Here are a few practical examples:
- Collections already make use of this practice, for example:
- Calendars add “Start Date”, “End Date”, “Start Time” and “End Time” as promoted attributes. These map to system attributes such as
startDatewhich are then interpreted by the calendar view. - Presentation adds a “Background” promoted attribute for each of the slide to easily be able to customize.
- Calendars add “Start Date”, “End Date”, “Start Time” and “End Time” as promoted attributes. These map to system attributes such as
- The Trilium documentation (which is edited in Trilium) uses a promoted attribute to be able to easily edit the
#shareAlias(see Sharing) in order to form clean URLs. - If you always edit a particular system attribute such as
#color, simply create a promoted attribute for it to make it easier.
Inverse relation
Some relations always occur in pairs - my favorite example is on the family. If you have a note representing husband and note representing wife, then there might be a relation between those two of isPartnerOf. This is bidirectional relationship - meaning that if a relation is pointing from husband to wife then there should be always another relation pointing from wife to husband.

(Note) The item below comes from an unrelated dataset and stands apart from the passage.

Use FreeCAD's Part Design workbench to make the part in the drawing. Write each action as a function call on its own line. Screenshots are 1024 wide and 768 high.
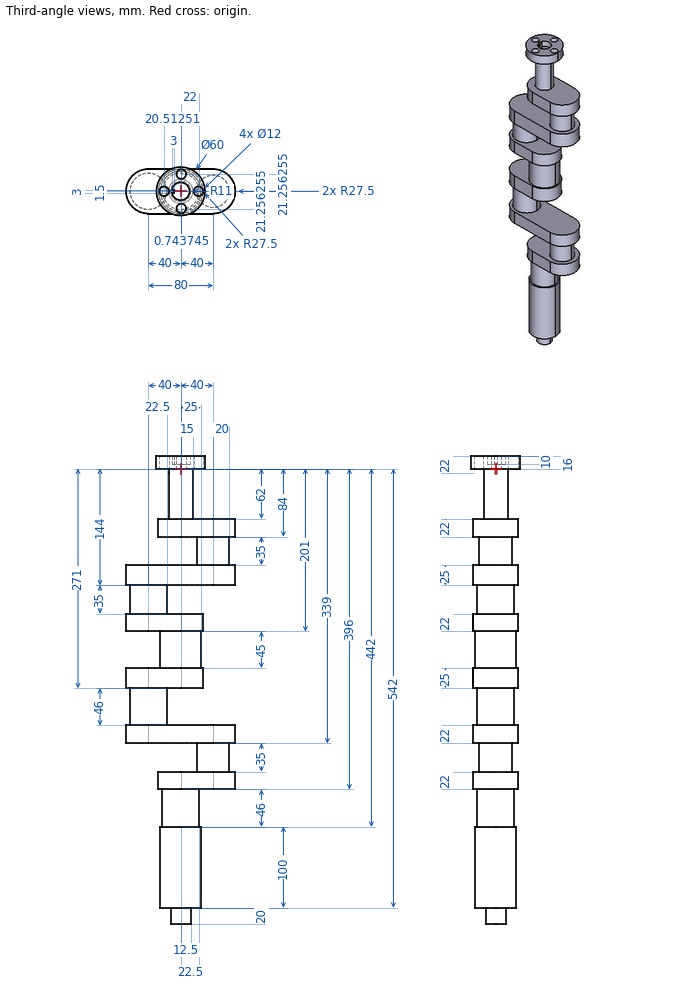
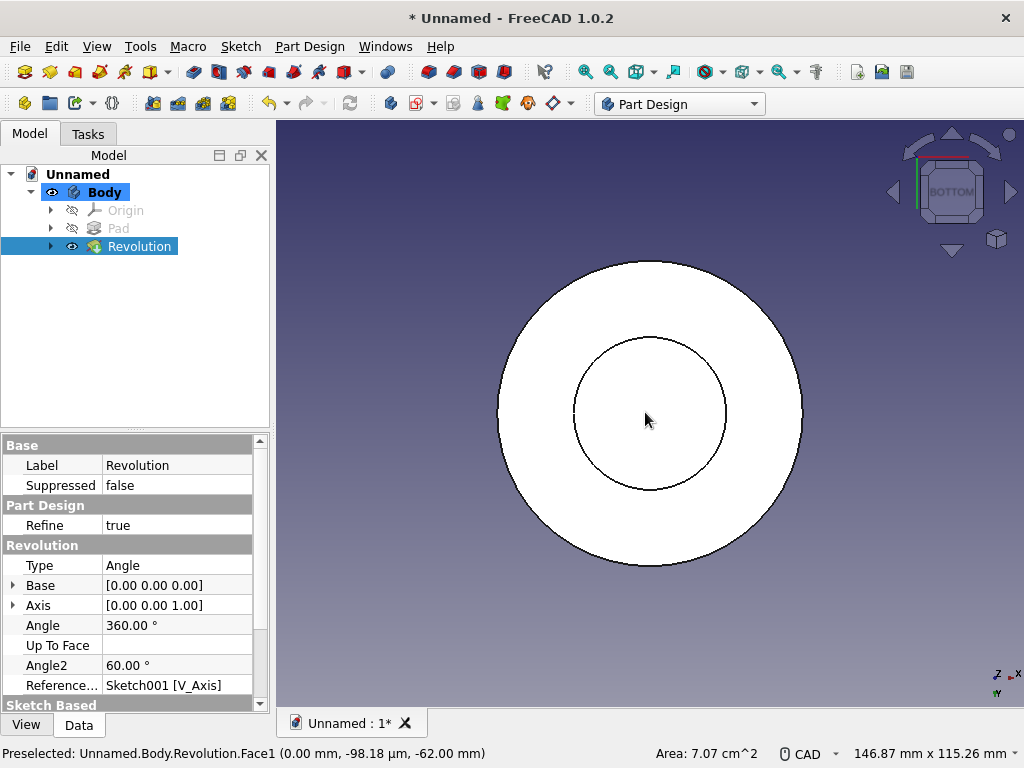
click(416, 104)

Another example is with parent-child relationship. Again these always occur in pairs, but in this case it's not exact same relation - the one going from parent to child might be called isParentOf and the other one going from child to parent might be called isChildOf.
Relation definition allows you to specify such "inverse relation" - for the relation you just define you specify which is the inverse relation. Note that in the second example we should have two relation definitions - one for isParentOf which defines isChildOf as inverse relation and then second relation definition for isChildOf which defines isParentOf as inverse relation.
What this does internally is that whenever we save a relation which has defined inverse relation, we check that this inverse relation exists on the relation target note. Similarly, when we delete relation, we also delete inverse relation on the target note.